Rewrite the above equation for $\sin \theta$.

$\sin \theta =\left(\frac{\varphi }{\pi }\right)\frac{\lambda }{a}$

If the value of $\frac{\lambda }{a}$ is small then,

$\theta \approx \left(\frac{\varphi }{\pi }\right)\frac{\lambda }{a}$

The path covered by the light is symmetric so the phase angle is double the initial value.

$\theta =2\left(\frac{\varphi }{\pi }\right)\frac{\lambda }{a}$

Substitute $1.39\text{rad}$ for $\varphi$ in above equation to find the value of $\theta$.

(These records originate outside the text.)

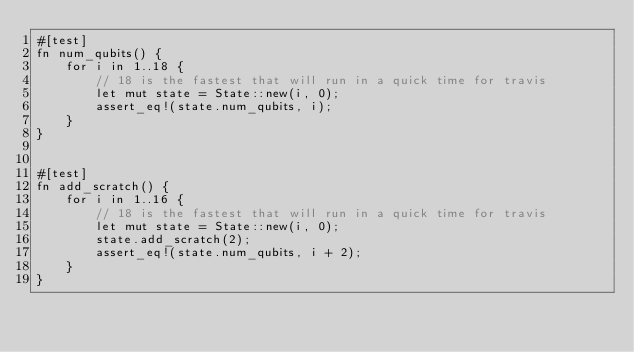Convert code to text. <code><loc_0><loc_0><loc_500><loc_500><_Rust_>#[test]
fn num_qubits() {
    for i in 1..18 {
        // 18 is the fastest that will run in a quick time for travis
        let mut state = State::new(i, 0);
        assert_eq!(state.num_qubits, i);
    }
}


#[test]
fn add_scratch() {
    for i in 1..16 {
        // 18 is the fastest that will run in a quick time for travis
        let mut state = State::new(i, 0);
        state.add_scratch(2);
        assert_eq!(state.num_qubits, i + 2);
    }
}

</code> 
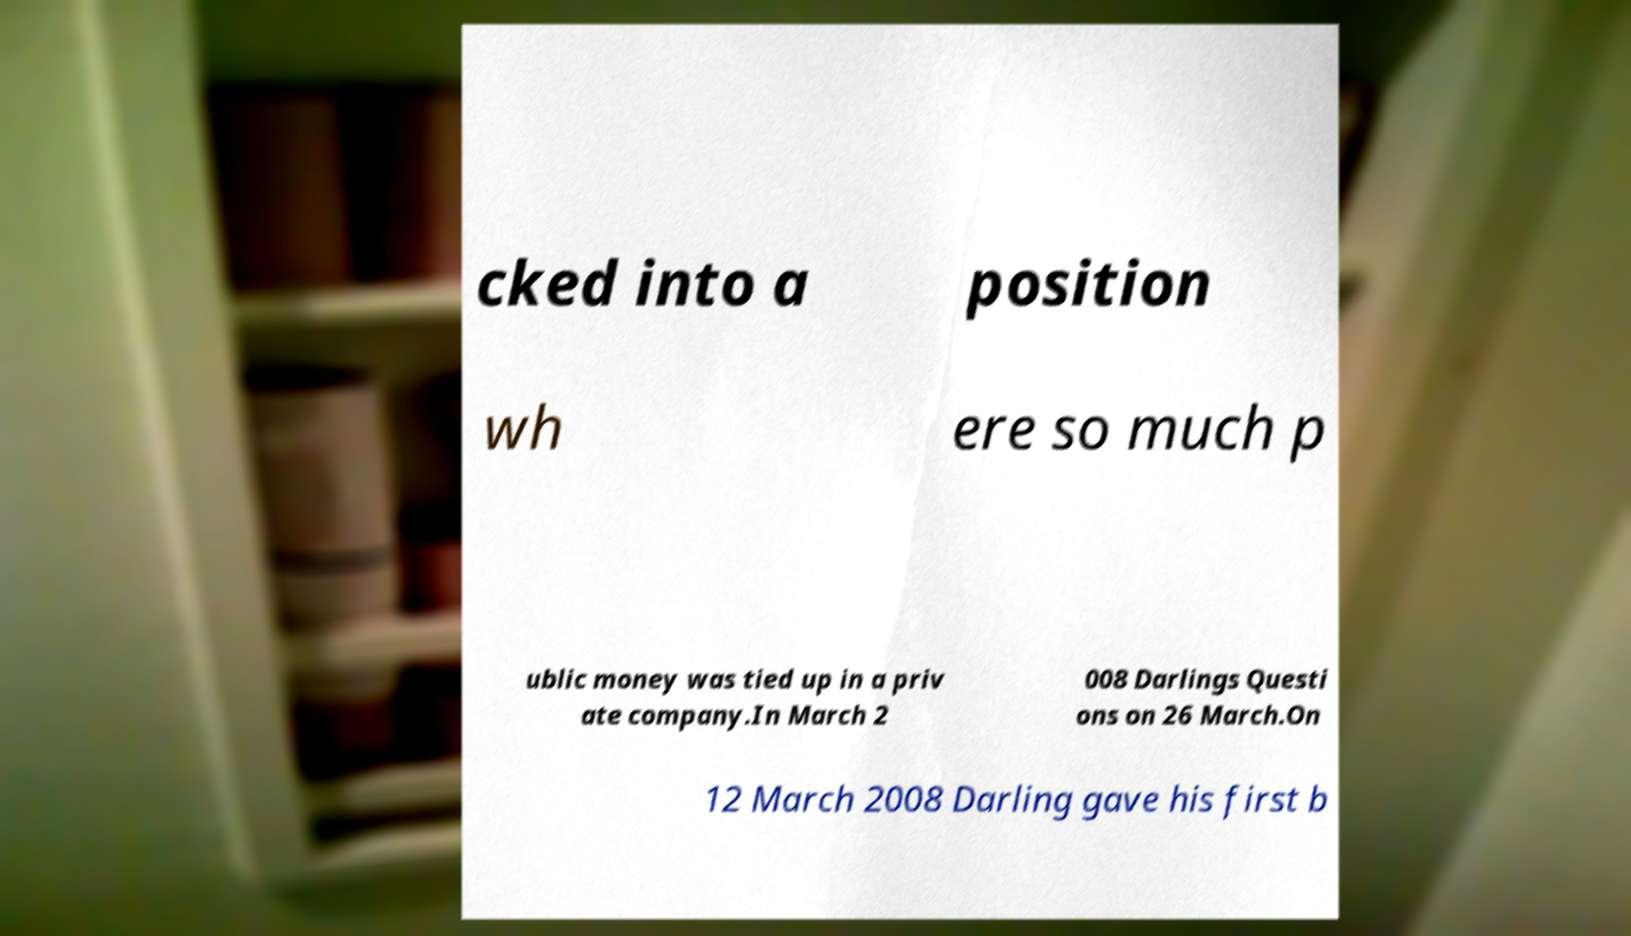Please read and relay the text visible in this image. What does it say? cked into a position wh ere so much p ublic money was tied up in a priv ate company.In March 2 008 Darlings Questi ons on 26 March.On 12 March 2008 Darling gave his first b

$\begin{array}{c}\theta =2\left(\frac{1.39\text{rad}}{3.14\text{rad}}\right)\frac{\lambda }{a}\\ =\frac{0.885\lambda }{a}\end{array}$

Conclusion

Therefore, the angular full width at half maximum of the central diffraction maximum is $\theta =\frac{0.885\lambda }{a}$ if the fraction $\frac{\lambda }{a}$ is not large.

(d)

To determine

The number of steps involved to solve the transcendental equation $\varphi =\sqrt{2}\sin \varphi$.

Answer to Problem 38.72AP

The number of steps involved to solve the transcendental equation $\varphi =\sqrt{2}\sin \varphi$ is around $13$.

Explanation of Solution

Given info: The equation of the intensity of the light in the diffraction pattern is $I=I_{\max }\frac{{\sin }^2\varphi }{{\varphi }^2}$ where $\varphi =\frac{\left(\pi a\sin \theta \right)}{\lambda }$

The equation of $y_1$ is $\sqrt{2}\sin \varphi$ and the equation for $y_2$ is $\varphi$, the value of $\varphi$ is taken from $1$ to $2$ to find the solution of the equation and the corresponding values are shown in the table below.

$\varphi$	$\sqrt{2}\sin \varphi$
$1$	$1.19$
$2$	$1.29$
$1.5$	$1.41$
$1.4$	$1.394$
$1.39$	$1.391$
$1.392$	$1.3917$
$1.3915$	$1.39154$
$1.39152$	$1.39155$
$1.3916$	$1.39158$
$1.39158$	$1.391563$
$1.39157$	$1.391561$
$1.39156$	$1.391558$
$1.3915574$	$1.3915574$

The solution of the transcendental equation $\varphi =\sqrt{2}\sin \varphi$ is $1.3915574$ and the solution can be achieved in around $13$ steps.

Conclusion

Therefore, the number of steps involved to solve the transcendental equation $\varphi =\sqrt{2}\sin \varphi$ is around $13$.